[Saved entries]
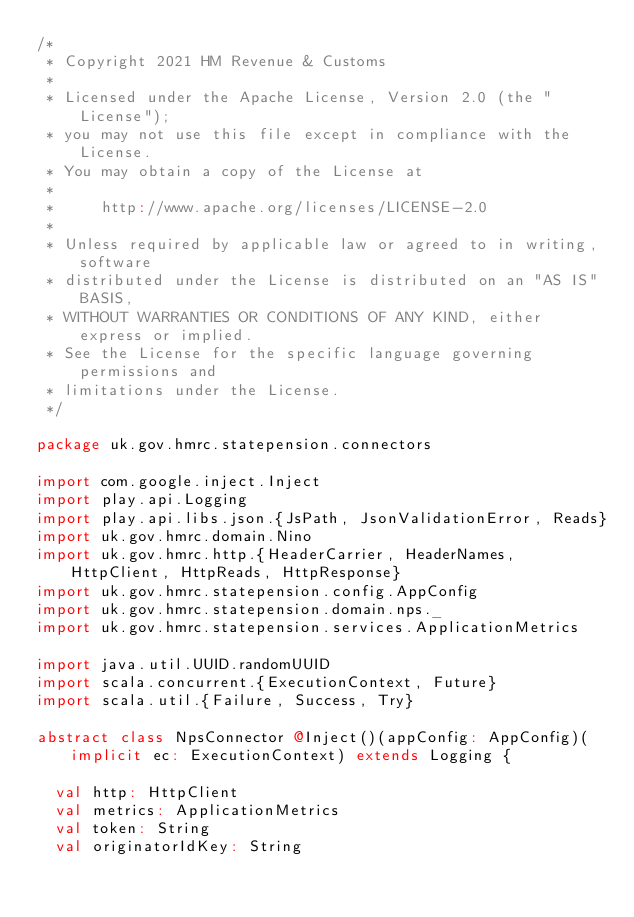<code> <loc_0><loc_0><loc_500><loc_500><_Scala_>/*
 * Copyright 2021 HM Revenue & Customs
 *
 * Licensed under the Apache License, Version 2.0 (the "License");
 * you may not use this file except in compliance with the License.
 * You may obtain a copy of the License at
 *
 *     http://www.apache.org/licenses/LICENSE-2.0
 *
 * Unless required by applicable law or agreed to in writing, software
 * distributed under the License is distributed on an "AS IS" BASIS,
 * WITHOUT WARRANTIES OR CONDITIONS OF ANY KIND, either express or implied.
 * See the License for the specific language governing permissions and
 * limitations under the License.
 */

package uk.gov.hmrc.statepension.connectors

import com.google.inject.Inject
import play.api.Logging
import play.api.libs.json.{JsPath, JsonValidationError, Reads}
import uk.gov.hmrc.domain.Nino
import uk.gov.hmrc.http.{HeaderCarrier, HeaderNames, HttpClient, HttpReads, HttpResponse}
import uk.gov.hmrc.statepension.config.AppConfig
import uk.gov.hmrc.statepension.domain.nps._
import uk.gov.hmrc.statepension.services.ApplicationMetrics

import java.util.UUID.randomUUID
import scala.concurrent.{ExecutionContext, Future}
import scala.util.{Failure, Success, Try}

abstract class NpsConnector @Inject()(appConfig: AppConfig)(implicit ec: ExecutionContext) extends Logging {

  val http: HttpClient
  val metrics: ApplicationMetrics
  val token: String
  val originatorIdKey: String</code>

§ **Task objective**: In the data, how many lines hold the word "under"? State that number alone.

§ **Response below**: 3